Doubt in SIGEV_PULSE_INIT()

Hi all,

     I have configured a timer with timer_create() and timer_settime(). Also registered to notify the threads with a pulse when timeout occurs. My issue is, i have only one timer and i need timeout notification to be send to 2 threads. I have registered for notification using SIGEV_PULSE_INIT() with 2 connection IDs

SIGEV_PULSE_INIT(&t_timer_event,chid1,SIGEV_PULSE_PRIO_INHERIT,TIMER_PULSE,0);
SIGEV_PULSE_INIT(&t_timer_event,chid2,SIGEV_PULSE_PRIO_INHERIT,TIMER_PULSE,0);

But i am receiving the pulse only in one channel. Is this the expected behavior? Is it possible to receive pulse in 2 channels.

Regards,
hello

Yes, this is the expected behavior.

Note that SIGEV_PULSE_INIT() is not a routine call, but is a macro that sets up data. So you are overwriting the data with the second line.

But that is not your real problem. A timer will only send one pulse. There are various ways around this.
I would suggest one very simple way around the problem.

Instead of setting the timer, create a thread that does the following:

  1. sleep for the required amount of time
  2. send pulse 1
  3. send pulse 2
  4. exit the thread

For sleep() i would need a dedicated thread, right? To avoid one dedicated thread, i was thinking of such a design. If it does not work, its ok
Consider 2 options:
Option 1: Say i designed a thread and registered to get timer notification pulse. When timeout occurs, thread receives it sends pulse to 2 threads waiting for the timer pulse. So in this design there are altogether 3 threads and one timer.

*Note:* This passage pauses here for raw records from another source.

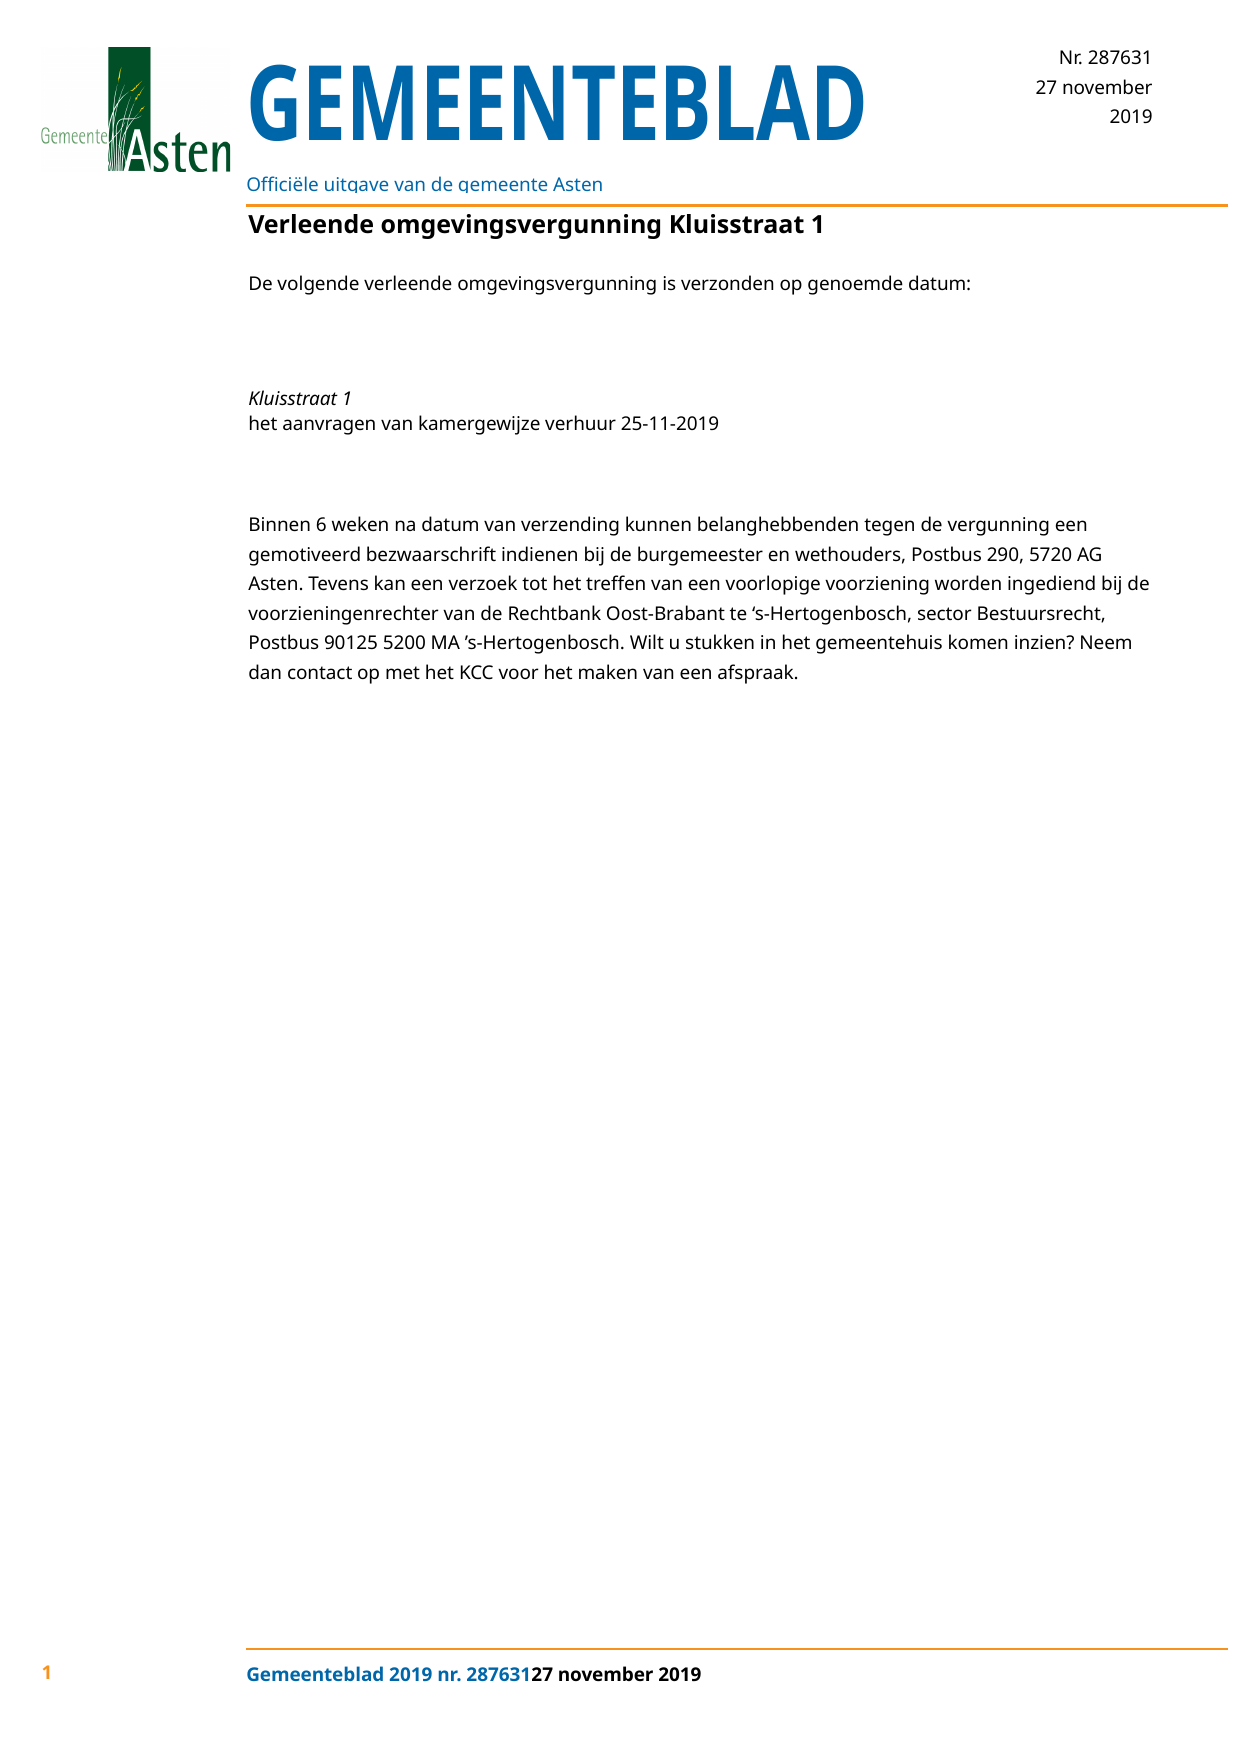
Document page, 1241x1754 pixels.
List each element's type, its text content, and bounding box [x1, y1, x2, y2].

picture [41, 47, 231, 172]
text het aanvragen van kamergewijze verhuur 25-11-2019 [248, 410, 1152, 436]
text Kluisstraat 1 [248, 385, 1152, 410]
text Verleende omgevingsvergunning Kluisstraat 1 [248, 207, 1152, 241]
text De volgende verleende omgevingsvergunning is verzonden op genoemde datum: [248, 270, 1152, 296]
text Binnen 6 weken na datum van verzending kunnen belanghebbenden tegen de vergunning een gemotiveerd bezwaarschrift indienen bij de burgemeester en wethouders, Postbus 290, 5720 AG Asten. Tevens kan een verzoek tot het treffen van een voorlopige voorziening worden ingediend bij de voorzieningenrechter van de Rechtbank Oost-Brabant te ‘s-Hertogenbosch, sector Bestuursrecht, Postbus 90125 5200 MA ’s-Hertogenbosch. Wilt u stukken in het gemeentehuis komen inzien? Neem dan contact op met het KCC voor het maken van een afspraak. [248, 511, 1152, 685]
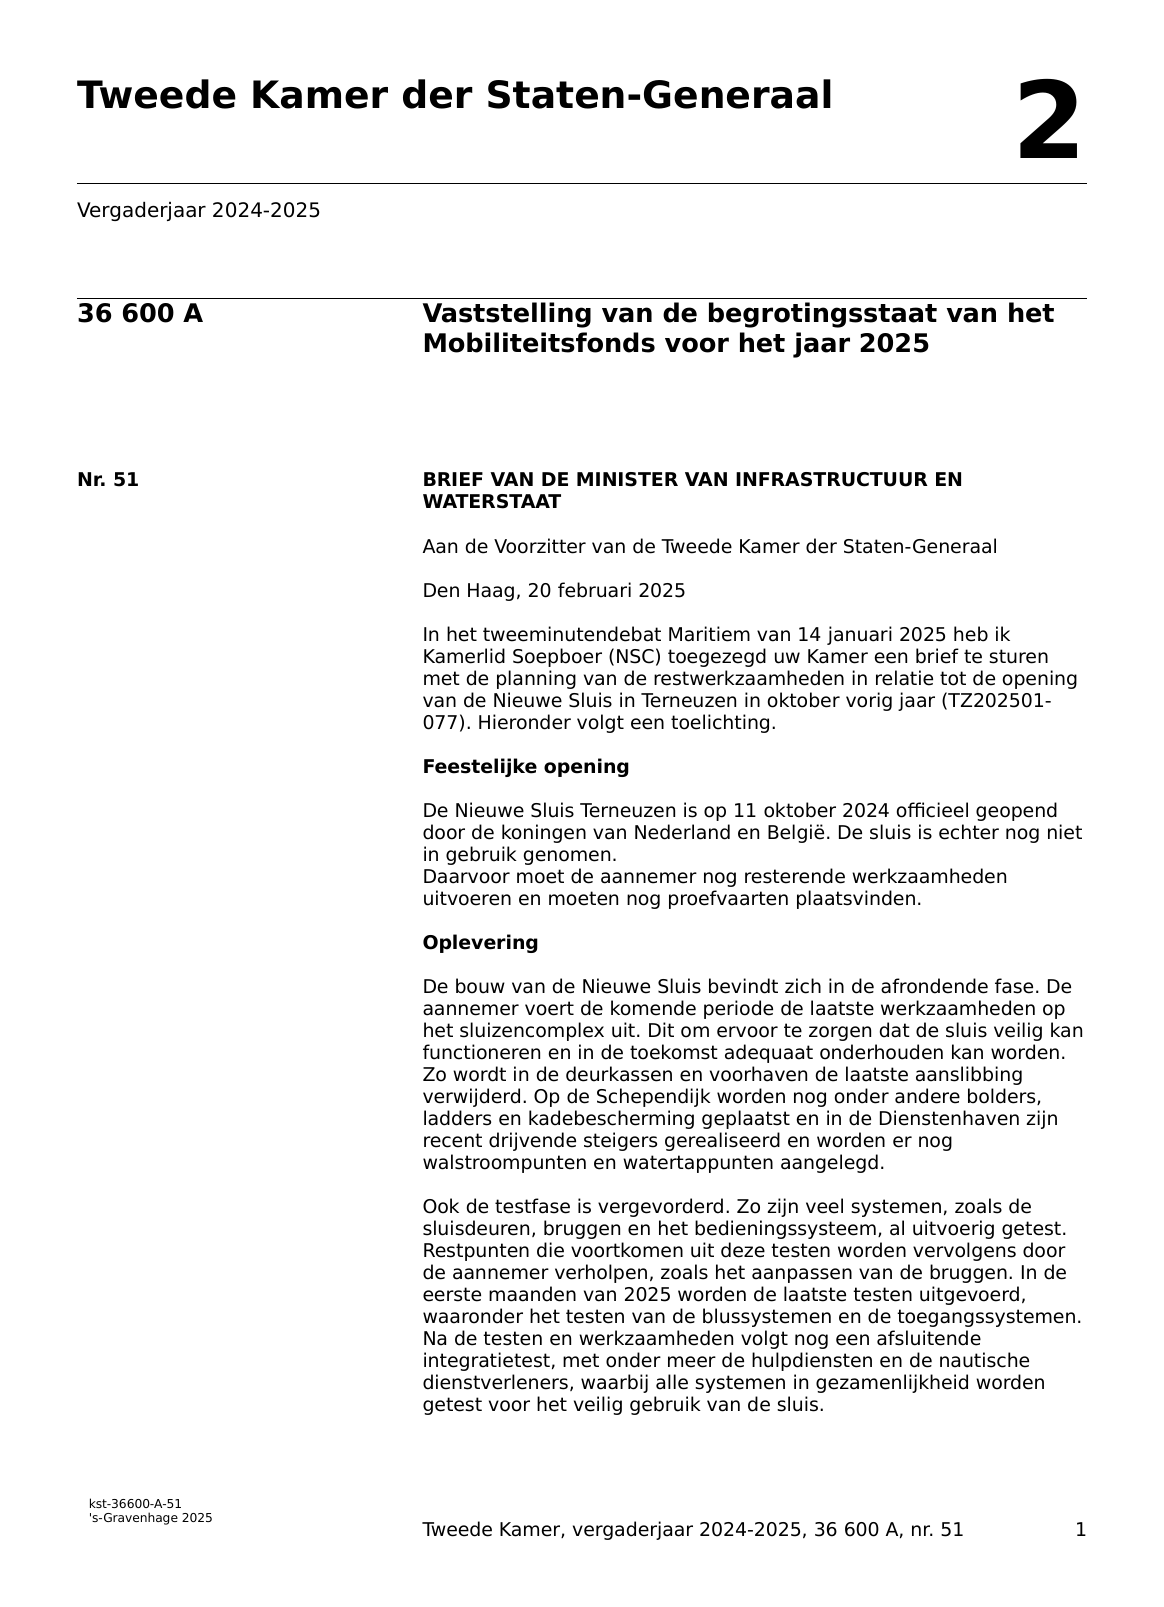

Option 2: Create 2 timers (for same timeout values), and register to get notification(i.e one timer for one thread). Here, the number of threads is 2, but 2 timers with same timeout value

So which design would you suggest, the 1st or the 2nd.

Regards,
hello

I think both would work. I like the idea the of the first notified thread notifying the 2nd better, but I doubt there is much difference in the impact.

So increasing the number of timer is more good than creating an additional thread, right ?.
Ok thank you for your opinion

Regards,
hello

I don’t think it makes much difference. It probably takes more resources to make a thread, but not much.